Here are some facts on Morocco and its security effort.
SECURITY
- Moroccan magistrates have charged 24 Islamists with plotting a wave of bombings in the North African country.
- The government has said they include at least seven would-be suicide bombers and planned to blow up foreign ships at Casablanca port, hotels in Marrakech, Agadir and Essaouira, and other buildings including police headquarters in Casablanca.
- The 24 were arrested after their suspected leader, Abdelfattah Raydi, blew himself up at an Internet cafe on March 11 to prevent police taking him alive, the government says.
- Morocco has been on high alert since security officials said in February they had information about an al Qaeda plot to attack the country. The government says the 24 suspects have no links with al Qaeda.

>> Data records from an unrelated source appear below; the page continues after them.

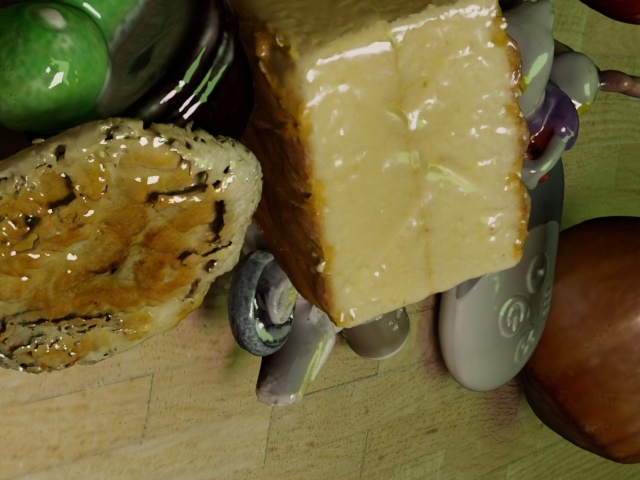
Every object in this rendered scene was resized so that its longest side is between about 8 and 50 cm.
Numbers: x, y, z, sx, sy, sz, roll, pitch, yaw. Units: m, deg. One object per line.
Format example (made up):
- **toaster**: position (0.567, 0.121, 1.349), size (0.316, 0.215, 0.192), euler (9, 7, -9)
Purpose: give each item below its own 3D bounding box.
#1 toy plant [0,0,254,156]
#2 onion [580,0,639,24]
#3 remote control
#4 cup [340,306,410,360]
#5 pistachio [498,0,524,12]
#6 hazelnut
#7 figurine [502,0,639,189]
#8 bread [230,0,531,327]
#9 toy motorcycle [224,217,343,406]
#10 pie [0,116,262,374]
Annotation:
- **toy plant**: position (-0.153, -0.149, 1.415), size (0.235, 0.175, 0.218), euler (45, 52, -41)
- **onion**: position (0.321, -0.375, 2.216), size (0.314, 0.232, 0.314), euler (33, 38, -31)
- **remote control**: position (0.214, 0.019, 2.330), size (0.221, 0.103, 0.332), euler (-21, 119, -57)
- **cup**: position (0.043, 0.065, 2.054), size (0.074, 0.102, 0.099), euler (-31, 145, -4)
- **pistachio**: position (0.163, -0.317, 2.061), size (0.129, 0.131, 0.206), euler (-13, 131, -13)
- **hazelnut**: position (0.415, 0.112, 2.544), size (0.315, 0.372, 0.372), euler (62, 28, 5)
- **figurine**: position (0.214, -0.164, 2.123), size (0.421, 0.154, 0.193), euler (8, 108, -62)
- **bread**: position (0.026, -0.123, 1.616), size (0.207, 0.279, 0.279), euler (-18, 132, -12)
- **toy motorcycle**: position (0.000, 0.000, 1.867), size (0.223, 0.107, 0.341), euler (67, 35, -43)
- **pie**: position (-0.163, 0.005, 1.412), size (0.055, 0.274, 0.274), euler (65, 8, 29)

- In 2003, 13 disaffected youths from Casablanca's slums headed into town and blew themselves up, killing 45 people in all.
- Security officials say police have broken up more than 50 radical Islamist cells, some linked to al Qaeda, and arrested more than 3,000 people since the 2003 bombings.
THE COUNTRY
- Morocco, a North African kingdom of 30 million, welcomes about five million tourists a year.
- It languishes in 123rd place out of 177 countries in the U.N. Human Development Index, which measures factors like child mortality and access to health and education.
- Free-market reforms to spur the economy have not yet solved high unemployment.
- Moroccans say the bulk of the population has fallen far behind a wealthy Westernized elite that dominates the administration and jealously guards its privileges.